Database Systems WS 2024/25
Prof. Dr.-Ing. Sebastian Michel
M.Sc. Angjela Davitkova
Exercise 2: Handout 28.10.2024, Due 04.11.2024 12:00 CET https://dbis.cs.uni-kl.de
Lecture content: Videos up to #008
For the following questions, we will consider the uni db schema imported in the previous sheet
Question 1: Index tuning (1 P.)
All relevant primary indices and foreign keys are already created (e.g.: assistants.boss is a foreign key
referencing professors.PID).
As the system seems to be very unresponsive lately, the president of the university tasked you with
improving the performance of the system. An analysis of the query load showed that the following values
are queried regularly:
• Q1: A list of all participants (matrnr) of a specific exam, filtered by semester (e.g.: WHERE semester
< 4).
• Q2: A histogram, showing how many assistants are working in which field, given a specific boss.
• Q3: The same histogram as before for the whole university.
• Q4: All exams of a given professor with a specific grade.
• Q5: An overview over all grades of a given student.
• Q6: The names of all lectures without prerequisites.
Which indices will you create to improve the performance of the given queries?
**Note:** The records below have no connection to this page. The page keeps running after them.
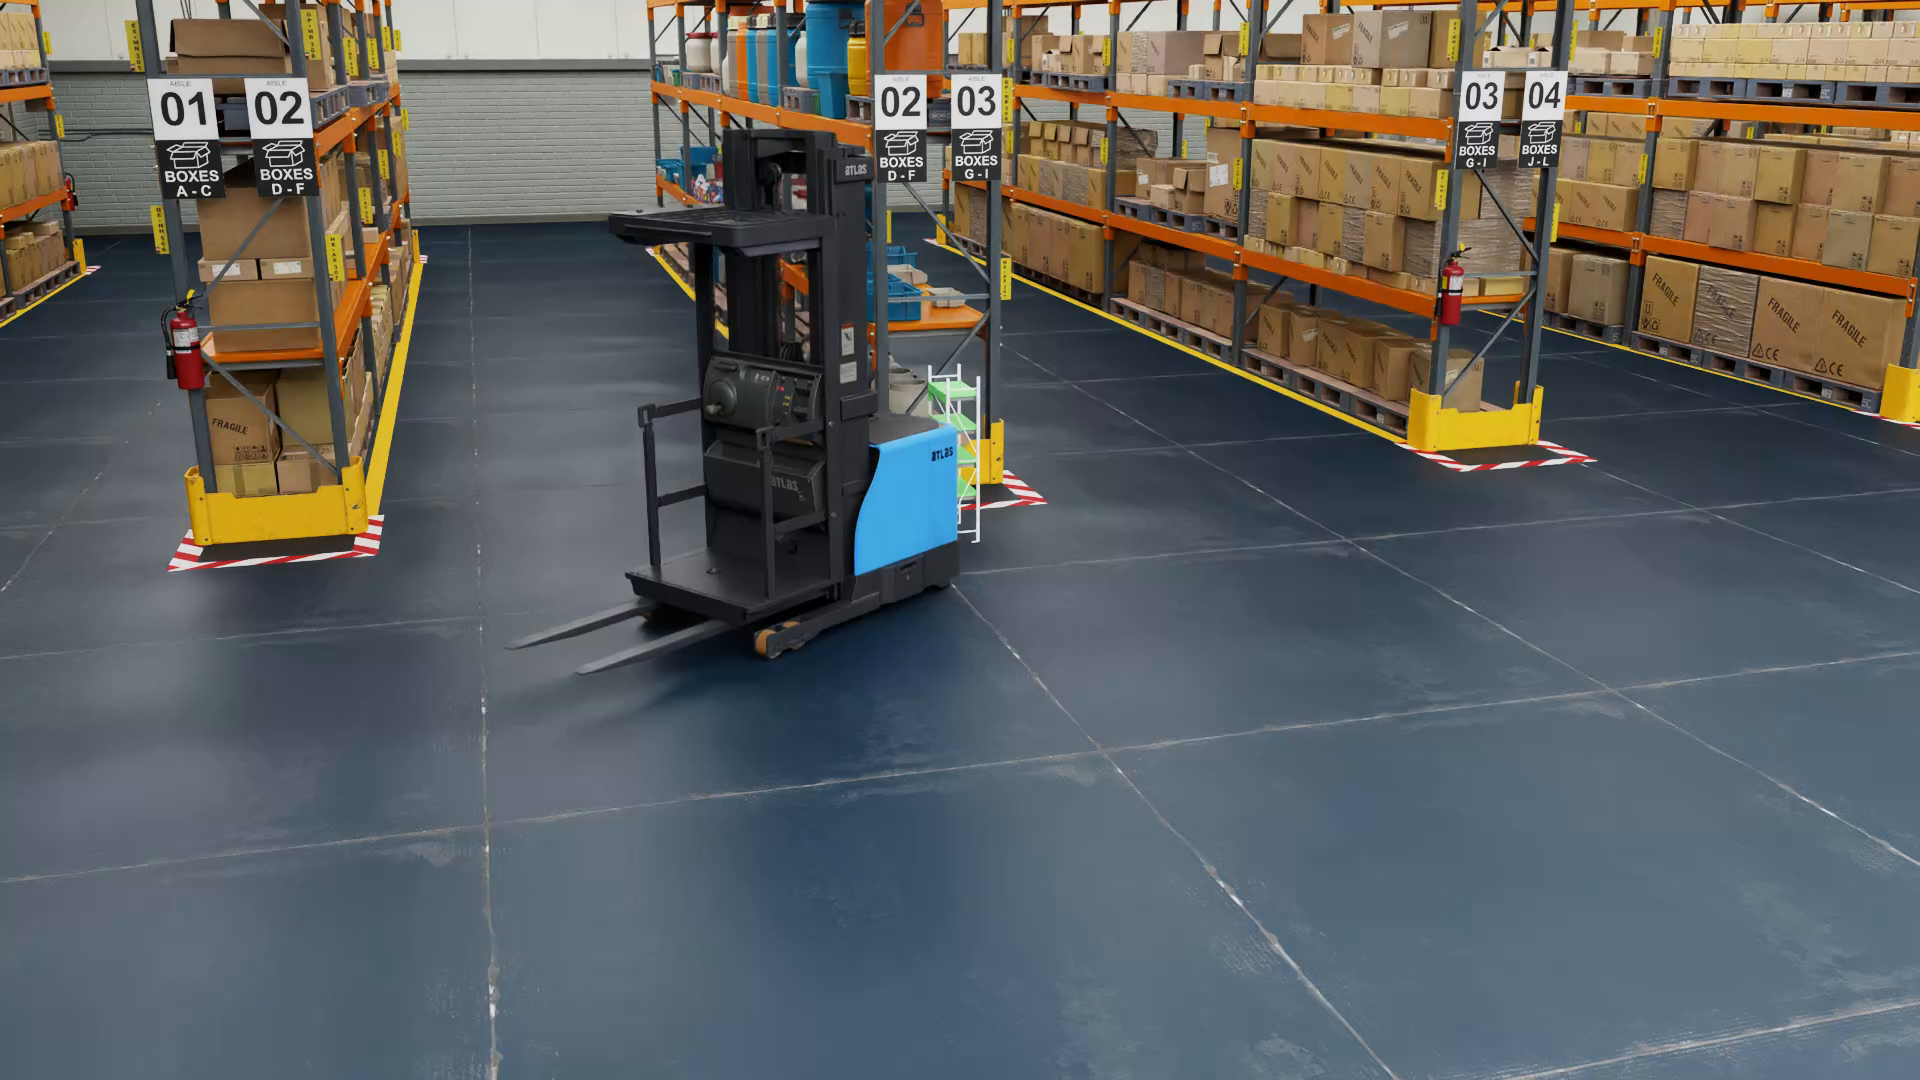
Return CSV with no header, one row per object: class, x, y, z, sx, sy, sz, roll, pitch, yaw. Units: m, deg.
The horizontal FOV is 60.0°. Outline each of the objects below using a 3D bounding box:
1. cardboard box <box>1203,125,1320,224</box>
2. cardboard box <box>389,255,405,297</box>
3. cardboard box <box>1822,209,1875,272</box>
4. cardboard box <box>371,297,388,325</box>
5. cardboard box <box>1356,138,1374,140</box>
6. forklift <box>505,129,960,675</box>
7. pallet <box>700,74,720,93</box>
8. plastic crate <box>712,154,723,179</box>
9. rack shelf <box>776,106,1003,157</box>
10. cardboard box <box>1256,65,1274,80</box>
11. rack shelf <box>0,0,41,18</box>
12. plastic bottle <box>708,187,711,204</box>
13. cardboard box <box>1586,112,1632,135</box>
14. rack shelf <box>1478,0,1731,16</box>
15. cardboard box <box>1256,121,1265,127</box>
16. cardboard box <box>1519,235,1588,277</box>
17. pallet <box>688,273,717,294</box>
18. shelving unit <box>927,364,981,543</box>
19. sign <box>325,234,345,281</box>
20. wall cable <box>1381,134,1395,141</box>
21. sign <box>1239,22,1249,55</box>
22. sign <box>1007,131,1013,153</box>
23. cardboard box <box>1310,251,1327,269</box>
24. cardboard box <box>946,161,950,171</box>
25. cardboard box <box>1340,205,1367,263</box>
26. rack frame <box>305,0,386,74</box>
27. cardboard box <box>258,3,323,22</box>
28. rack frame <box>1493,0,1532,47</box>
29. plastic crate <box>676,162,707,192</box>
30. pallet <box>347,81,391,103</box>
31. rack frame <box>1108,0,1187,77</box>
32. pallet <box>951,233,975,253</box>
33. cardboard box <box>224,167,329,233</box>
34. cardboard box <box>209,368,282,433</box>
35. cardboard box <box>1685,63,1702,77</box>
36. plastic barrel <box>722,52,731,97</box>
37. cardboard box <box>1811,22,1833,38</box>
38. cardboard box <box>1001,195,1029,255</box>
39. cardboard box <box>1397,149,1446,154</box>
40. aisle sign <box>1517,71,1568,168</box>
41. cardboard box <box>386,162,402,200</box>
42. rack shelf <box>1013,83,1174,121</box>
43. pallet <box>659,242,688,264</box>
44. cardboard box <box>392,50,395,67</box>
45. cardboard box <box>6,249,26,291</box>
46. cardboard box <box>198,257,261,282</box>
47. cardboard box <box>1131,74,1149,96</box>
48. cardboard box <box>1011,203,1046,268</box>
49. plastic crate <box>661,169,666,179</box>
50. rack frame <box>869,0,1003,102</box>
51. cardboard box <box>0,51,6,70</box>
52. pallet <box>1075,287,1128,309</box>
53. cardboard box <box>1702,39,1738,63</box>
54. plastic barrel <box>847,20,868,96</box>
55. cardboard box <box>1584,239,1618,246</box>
cardboard box,3.403,-4.102,18.620,1.000,1.000,1.000,-5,17,-15
cardboard box,-7.561,-3.437,21.759,0.500,0.500,0.500,-4,17,-15
cardboard box,9.065,-2.961,16.336,0.875,0.550,0.550,-5,17,-15
cardboard box,-6.473,-2.451,17.972,0.500,0.311,0.500,-5,17,-16
cardboard box,6.383,-6.230,26.149,0.380,0.149,0.250,-4,17,-13
forklift,-1.316,-0.877,9.778,1.130,2.935,3.031,13,21,37
pallet,-2.850,-6.027,21.917,1.003,0.211,1.213,-5,17,-15
plastic crate,-3.478,-5.530,24.932,0.402,0.464,0.583,-5,17,-15
rack shelf,-0.726,-3.530,14.525,1.077,0.370,4.000,-5,17,-15
cardboard box,3.280,-4.824,17.151,0.380,0.149,0.250,-5,17,-17
rack shelf,-13.549,-7.311,22.594,1.077,0.370,4.000,-5,17,-15
plastic bottle,-3.298,-4.524,22.001,0.061,0.283,0.133,-5,17,-15
cardboard box,10.661,-6.761,27.334,0.500,0.500,0.500,-4,17,-15
rack shelf,7.734,-6.637,20.350,1.077,0.370,4.000,-5,17,-15
cardboard box,5.263,-7.165,28.160,0.500,0.500,0.500,-5,18,-17
cardboard box,7.508,-3.560,21.769,1.050,0.750,0.750,-4,17,-14
pallet,-3.302,-3.651,23.741,1.003,0.211,1.213,-5,17,-15
shelving unit,-0.045,-0.620,11.932,0.258,1.200,0.503,-5,17,-15
sign,-4.405,-1.989,11.716,0.100,0.325,0.005,-5,17,-15
wall cable,9.506,-9.645,37.081,0.588,1.984,0.122,-5,17,-15
sign,2.954,-5.210,17.286,0.100,0.325,0.005,-5,17,-15
sign,0.755,-6.003,25.082,0.100,0.325,0.005,-5,17,-15
cardboard box,3.682,-2.765,16.379,0.380,0.149,0.250,-5,17,-15
cardboard box,-0.031,-6.457,28.671,0.380,0.149,0.250,-4,17,-15
cardboard box,4.113,-2.891,15.672,0.875,0.500,0.500,-5,17,-15
rack frame,-8.238,-7.686,21.898,1.000,3.000,0.127,-5,17,-15
cardboard box,-6.171,-4.699,15.394,0.500,0.500,0.500,-4,17,-15
rack frame,7.184,-7.726,22.031,1.000,3.000,0.127,-5,17,-15
plastic crate,-3.930,-5.327,24.395,0.392,0.384,0.575,-5,17,-15
pallet,-6.866,-4.872,18.072,1.213,0.211,1.003,-4,17,-13
rack frame,2.387,-7.362,20.819,1.000,3.000,0.127,-5,17,-15
pallet,0.484,-5.151,28.734,1.003,0.211,1.213,-5,17,-15
cardboard box,-5.497,-2.731,13.400,0.700,0.500,0.500,-5,17,-15
cardboard box,-5.662,-1.137,13.271,0.500,0.500,0.500,-5,17,-15
cardboard box,8.130,-5.113,18.078,0.380,0.149,0.250,-5,17,-15
plastic barrel,-2.584,-5.477,19.564,0.421,0.512,0.421,0,17,0
cardboard box,8.615,-5.005,16.334,0.380,0.149,0.250,-5,17,-16
cardboard box,1.184,-4.968,26.239,0.875,0.875,0.875,-5,17,-15
cardboard box,4.427,-3.396,15.614,0.500,0.500,0.500,-5,17,-15
aisle sign,4.891,-3.528,13.963,0.394,0.787,0.004,-5,17,-15
cardboard box,-8.116,-5.023,23.288,0.500,0.500,0.500,-4,17,-14
rack shelf,1.838,-6.134,23.195,1.077,0.370,4.000,-5,17,-15
pallet,-4.384,-4.743,27.376,1.003,0.211,1.213,-5,17,-15
cardboard box,-8.813,-7.263,25.096,0.500,0.250,0.500,-5,17,-15
cardboard box,-13.107,-3.639,22.469,0.700,0.500,0.500,-4,17,-15
cardboard box,-5.228,-1.943,11.905,0.380,0.149,0.250,-5,17,-16
cardboard box,2.412,-5.561,20.299,0.500,0.250,0.500,-4,17,-14
cardboard box,1.483,-4.603,25.026,1.225,0.875,0.875,-5,17,-15
plastic crate,-4.627,-5.835,26.518,0.250,0.136,0.298,-5,17,-15
rack frame,-0.176,-4.758,12.148,1.000,3.000,0.127,-5,17,-15
cardboard box,-13.062,-6.388,22.148,0.500,0.250,0.500,-5,17,-16
pallet,2.243,-3.377,22.829,1.003,0.211,1.213,-5,17,-15
cardboard box,8.289,-5.206,17.695,0.500,0.250,0.500,-5,17,-16
plastic barrel,-0.612,-3.917,13.508,0.600,0.588,0.600,0,17,0
cardboard box,11.064,-5.397,27.669,0.875,0.875,0.875,-4,17,-14

For each index discuss
why you created it. Hint: Maybe some indices can be used for multiple queries. Which of your created
indices could benefit from being a hash index, instead of a B+ tree?
1
Database Systems WS 2024/25
Prof. Dr.-Ing. Sebastian Michel
M.Sc. Angjela Davitkova
Exercise 2: Handout 28.10.2024, Due 04.11.2024 12:00 CET https://dbis.cs.uni-kl.de
Lecture content: Videos up to #008
Solution
• Q1: We create an B+ index on the students.semester, as range queries are possible. The join
between exam and student does not require a further index.
• Q2: A B+ index on (assistants.boss, assistants.field). This enables very fast creation of
the histogram.
• Q3: The previous index can’t be used anymore. We build a new B+ index on assistants.field.
• Q4: We create an index on (exam.PID, exam.grade). This index can be a B+- or hash-index, as
both columns have one specific value.
• Q5: We do not have to create an index, as the primary key of exam can already be used. Alterna-
tively, creating an additional B+- or hash-index on exam.matrnr would also be possible.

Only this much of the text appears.